Into their address bar, "Jester" would not be available in $name. It would be available in $_GET['name'] or $HTTP_GET_VARS['name']. So they can't pass variables that could twist the behaviour of your scripts.

If you have register_globals off, ensure that you have track_vars on. Track_vars makes all environment variables available in the arrays: $HTTP_SERVER_VARS ($_SERVER also, for newer versions of PHP), $HTTP_COOKIE_VARS, $HTTP_POST_VARS ($_POST also) and $HTTP_GET_VARS {$_GET also). Using these arrays instead of the normal variables isn't much extra work for more security. 

Sessions in PHP also perform a lot better with register_globals off. Take a look at this snippet of code:

$username = $_POST['uname']; session_register('username');

To register a session variable, many people use this method (I have in the past). You don't need to use this method if you have register_globals off:

$_SESSION['username'] = $_POST['uname'];

In the first coding example, PHP needs to know that the variable is being registered as a session variable. In the second, we are using the $_SESSION array -- PHP knows if we store something in this that it is a session variable so we don't need to "register" it.

We can unset the username session variable like this:

unset($_SESSION['username']);

With MySQL
Another mistake a lot of people make is when they extract data from a database.
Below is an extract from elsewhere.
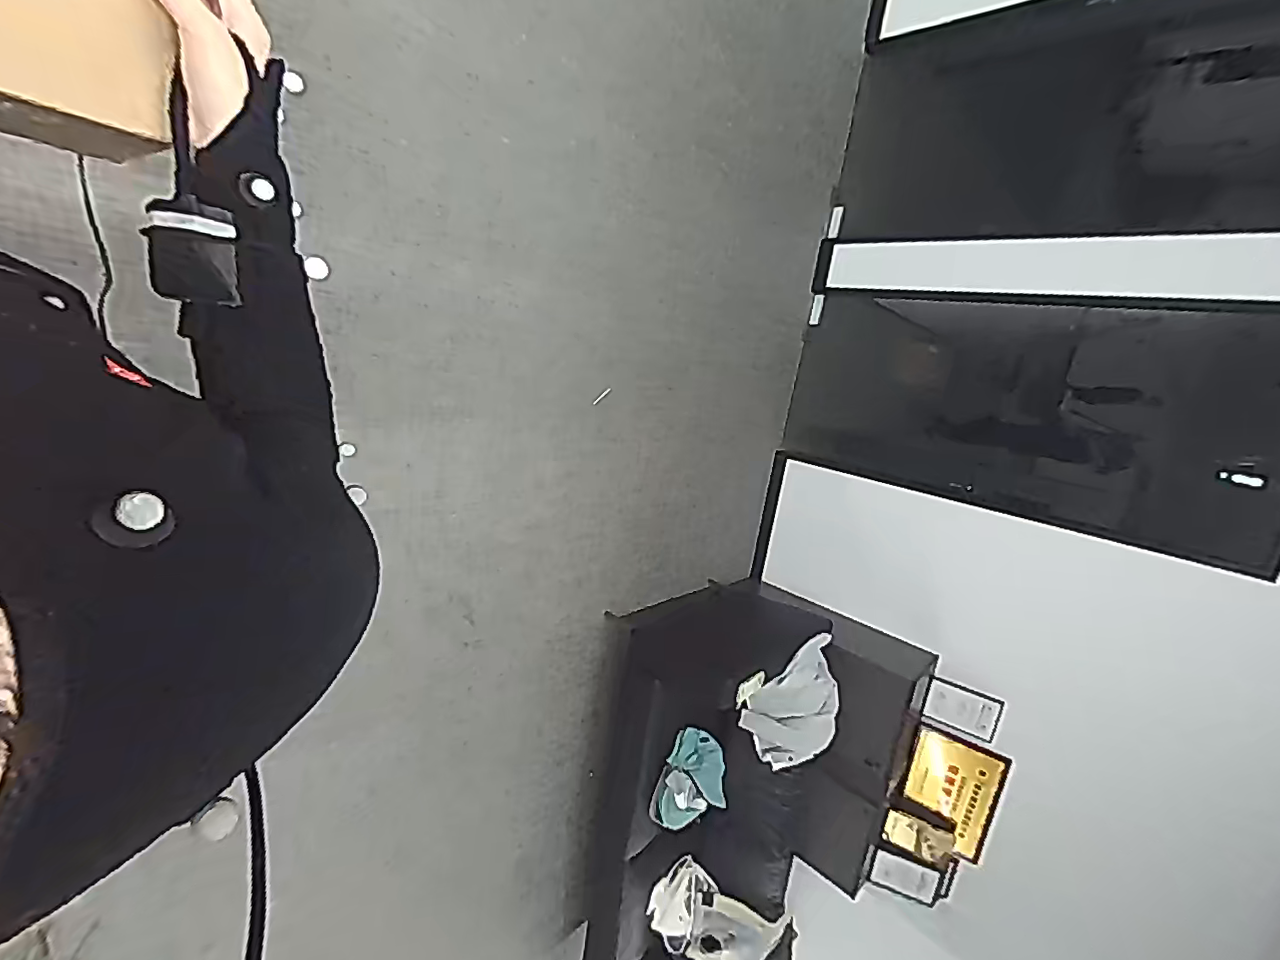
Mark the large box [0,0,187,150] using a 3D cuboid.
[{"bbox_3d":[-0.528,-0.414,0.275,0.408,0.320,0.320,-7,115,-50],"label":"large box"}]

For anyone familiar with PHP and MySQL, you will be familiar with the following function:

mysql_fetch_array()

"mysql_fetch_array() is an extended version of mysql_fetch_row(). In addition to storing the data in the numeric indices of the result array, it also stores the data in associative indices, using the field names as keys."

The above is taken from the function description on php.net. So basically when we use mysql_fetch_array(), we are fetching two arrays: one containing indices, and one containing associative references to the field names in your database. Why? If you want indices, you will use mysql_fetch_row(), right?

We use mysql_fetch_array() when we want the associative references. It's a lot easier when using associative references, yet we have this spare array taking up space and diminishing the efficiency of our code. Luckily those nice people at PHP have an array that fetches an associative array, and only that:

mysql_fetch_assoc()

mysql_fetch_assoc() fetches an associative array. If you want only that, use this function. If you want indices, use mysql_fetch_row(). If for some reason you need both, then you should use mysql_fetch_array(). Don't assign variables you won't use.